A 25-year-old man who is the chief suspect in the case was released from garda custody on Tuesday after being picked up by detectives less than 24 hours after the assault, which happened at 12.30am on Monday.

A source close to the family said the death has left his wife Olusola (37) “distraught”.

The source said: “We have a situation now where a wife has lost a loving husband and a son has lost his father, the family needs to know exactly what happened. Olusola is distraught, she's inconsolable.”

Mr Ayanwole was punched in the head by a man in his taxi and fell heavily on to the ground as his taxi was parked on Pearse Street near the Erne Street junction in the centre of the capital.

It is believed that a large group of people hailed the taxi, but the victim told them he could not take them all. There

was a brief discussion and the group got out of the car and flagged down another taxi.

But one man stayed behind. He exchanged words with the taxi driver as he was leaving. Mr Ayanwole was punched and fell.

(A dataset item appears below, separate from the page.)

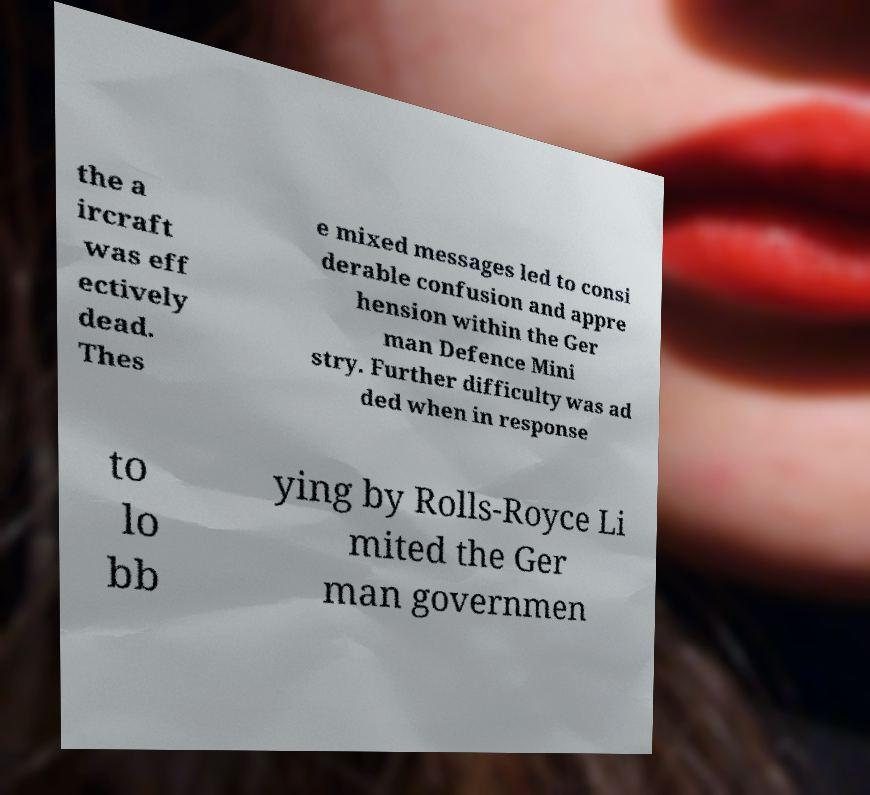Please read and relay the text visible in this image. What does it say? the a ircraft was eff ectively dead. Thes e mixed messages led to consi derable confusion and appre hension within the Ger man Defence Mini stry. Further difficulty was ad ded when in response to lo bb ying by Rolls-Royce Li mited the Ger man governmen 
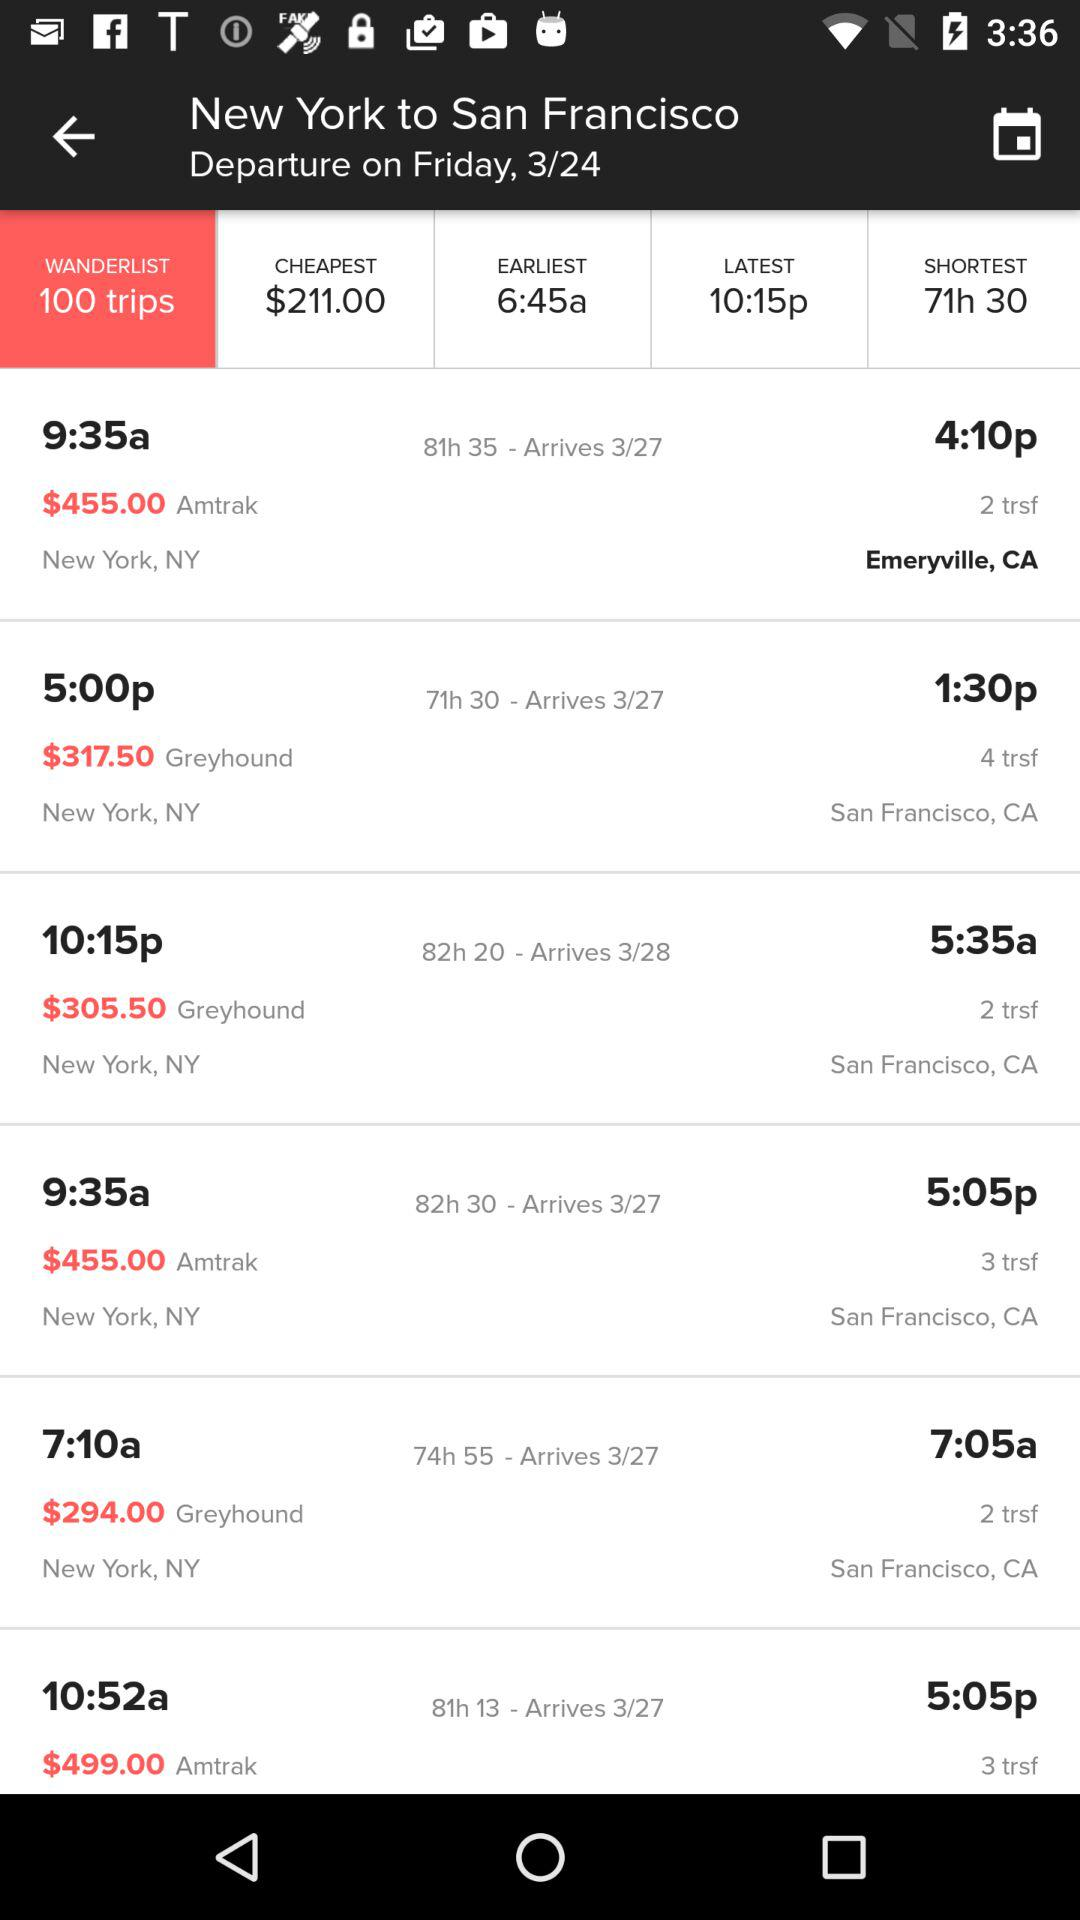What is the departure date? The departure date is Friday, March 24.

Sources say it was the impact of the fall that caused him his devastating injuries.

Mr Ayanwole was initially conscious after the attack but had horrendous injuries and medics put him in an induced coma in a desperate attempt to keep him alive.

Doctors in St James's Hospital decided not to transfer him to Beaumont Hospital, which specialises in head injuries, because of the seriousness of his injuries.


The chief suspect was quickly identified and he was arrested in a pub close to where the attack took place.

“The culprit was very drunk when the assault happened. The attack involved a single punch – there seems to have been no intent to murder the victim but it will be up to the DPP to decide what charges he should face.

“He comes from a good family and has barely ever been in trouble before – this case is very tragic,” a source added.

John Usher, President of the Irish Taxi Federation, said today that the death will spark fear in all taxi drivers.

“Unfortunately, it's very seldom a week goes by that there isn't some sort of incident involving a taxi driver.

“They are out there. They are alone at night time and some of these attacks are vicious.

“And I think taxi drivers nationwide will fear for their safety after they hear what happened to Moses.”